**WHAT IS REQUIRED:** Say, as a bare number, how many lines of the listing contain "object".

[TASK INPUTS — start]

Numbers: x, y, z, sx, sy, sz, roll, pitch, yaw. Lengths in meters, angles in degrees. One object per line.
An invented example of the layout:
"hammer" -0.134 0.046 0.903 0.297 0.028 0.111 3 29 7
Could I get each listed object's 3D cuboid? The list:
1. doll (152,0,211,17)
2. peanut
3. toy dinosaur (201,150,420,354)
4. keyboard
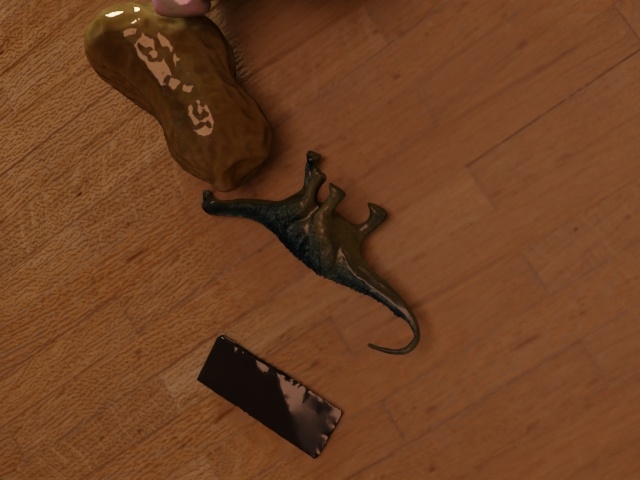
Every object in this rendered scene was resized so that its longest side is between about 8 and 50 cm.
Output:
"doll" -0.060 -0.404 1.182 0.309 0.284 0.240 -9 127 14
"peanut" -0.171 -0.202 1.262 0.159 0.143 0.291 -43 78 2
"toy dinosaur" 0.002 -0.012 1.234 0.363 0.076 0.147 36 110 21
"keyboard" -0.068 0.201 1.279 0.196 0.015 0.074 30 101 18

[TASK INPUTS — finish]
[TASK INPUTS — start]

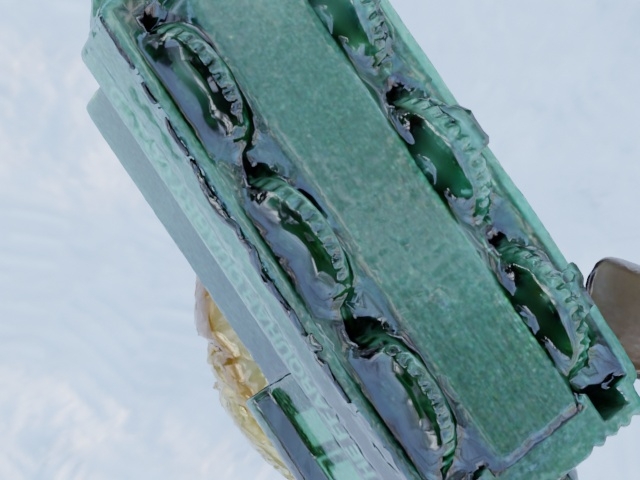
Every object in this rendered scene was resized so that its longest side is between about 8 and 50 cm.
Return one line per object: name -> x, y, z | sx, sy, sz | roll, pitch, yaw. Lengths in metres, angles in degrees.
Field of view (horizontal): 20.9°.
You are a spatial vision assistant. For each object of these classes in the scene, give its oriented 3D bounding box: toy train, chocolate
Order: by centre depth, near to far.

[TASK INPUTS — finish]

**EXERCISE SOLUTION:** 6